To assess the suppressive effects, the EEG SEP induced by unilateral electrical stimulation of the right hind leg muscle was monitored. EEG data was acquired from two subdermal EEG electrodes (SWE-L-25, Ives EEG Solutions) inserted (1) under the skin over the left rostral portion of the skull and (2) ~2 cm left of the bregma (based on MRI images), using the same dual-channel data acquisition system (BioAmp ML408 with PowerLab 4/35, ADInstruments). Reference electrodes were subcutaneously applied over the left posterior region of the occipital bone, and a ground cup electrode was placed between the hooves of the right fore limb. To elicit the SEP, electrical stimulation (10–15 mA electrical currents, duration of 50 μs, and frequency of 2 Hz) was given to the gastrocnemius of the right hind limb using a surface stimulator (MLADDF30, ADInstruments). The corresponding EEG was recorded from 50 ms before to 100 ms after the onset of electrical stimulation (10 kHz sampling rate, band-pass filter at 0.5–200 Hz; LabChart 7, ADInstruments). The time-locked EEG signal was measured every 0.5 s a total of 120 times (thus, 1 min for each SEP acquisition) and averaged to represent SEP.

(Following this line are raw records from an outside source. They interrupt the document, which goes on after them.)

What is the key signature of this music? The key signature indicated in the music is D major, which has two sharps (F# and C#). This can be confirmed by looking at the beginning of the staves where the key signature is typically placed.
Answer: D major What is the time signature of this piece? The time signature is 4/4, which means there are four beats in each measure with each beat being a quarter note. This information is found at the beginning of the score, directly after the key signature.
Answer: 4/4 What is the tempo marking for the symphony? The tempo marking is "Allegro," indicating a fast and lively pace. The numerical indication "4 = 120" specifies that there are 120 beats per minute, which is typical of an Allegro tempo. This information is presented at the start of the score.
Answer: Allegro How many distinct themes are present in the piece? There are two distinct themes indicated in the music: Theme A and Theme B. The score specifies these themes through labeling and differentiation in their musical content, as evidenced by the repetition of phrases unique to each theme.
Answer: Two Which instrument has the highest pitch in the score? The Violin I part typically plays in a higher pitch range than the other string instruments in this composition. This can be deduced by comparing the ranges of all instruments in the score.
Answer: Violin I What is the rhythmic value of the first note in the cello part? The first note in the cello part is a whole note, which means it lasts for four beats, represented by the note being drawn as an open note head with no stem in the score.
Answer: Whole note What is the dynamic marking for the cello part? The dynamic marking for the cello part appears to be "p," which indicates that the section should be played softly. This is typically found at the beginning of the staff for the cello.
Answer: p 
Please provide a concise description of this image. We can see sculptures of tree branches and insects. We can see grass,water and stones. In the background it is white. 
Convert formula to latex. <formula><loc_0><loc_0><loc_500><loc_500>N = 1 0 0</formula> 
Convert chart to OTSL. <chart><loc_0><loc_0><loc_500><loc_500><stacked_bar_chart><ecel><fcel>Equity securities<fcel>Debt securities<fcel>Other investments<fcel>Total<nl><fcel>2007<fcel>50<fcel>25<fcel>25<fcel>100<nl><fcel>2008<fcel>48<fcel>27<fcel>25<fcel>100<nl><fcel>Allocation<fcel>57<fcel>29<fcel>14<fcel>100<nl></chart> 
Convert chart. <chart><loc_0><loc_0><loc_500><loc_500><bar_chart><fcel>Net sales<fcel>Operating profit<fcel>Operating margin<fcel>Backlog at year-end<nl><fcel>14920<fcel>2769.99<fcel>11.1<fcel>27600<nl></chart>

The SEP was measured three times (labeled B1–B3) to establish the baseline condition before applying sonication. Subsequently, FUS was delivered to the targeted brain areas for 2 min while measuring two sets of SEPs (labeled F1 and F2). After the end of sonication, five additional sets of SEP (labeled P1–P5) were acquired in succession. An example of the obtained SEP signal is displayed in Supporting Information S1C Fig. To provide active control conditions, we also delivered sonication to the S1 and thalamic area in the right hemisphere across five sheep, using the sonication parameters of SP3 and SP7 (a total of 17 sets of measurement were taken). The distance between the target and the corresponding control sites was 18.8 ± 5.2 mm (n = 5) for the S1 and 14.5 ± 4.7 mm (n = 5) for the thalamic area.

To examine the degree of suppression per animal, we measured the magnitude between the negative peak at ~40 ms (N₄₀) and the positive peak at ~50 ms (P₅₀) of the SEP (i.e., P50 –N₄₀ in Supporting Information S1C Fig) after the onset of electrical stimulation. The SEP magnitude from acquisition sets (i.e., B1–B3, F1, F2, and P1–P5) was normalized with respect to the averaged magnitude across pre-sonication baseline conditions (i.e., B1–B3), whereby the averaged value acquired from the baseline conditions was set to zero.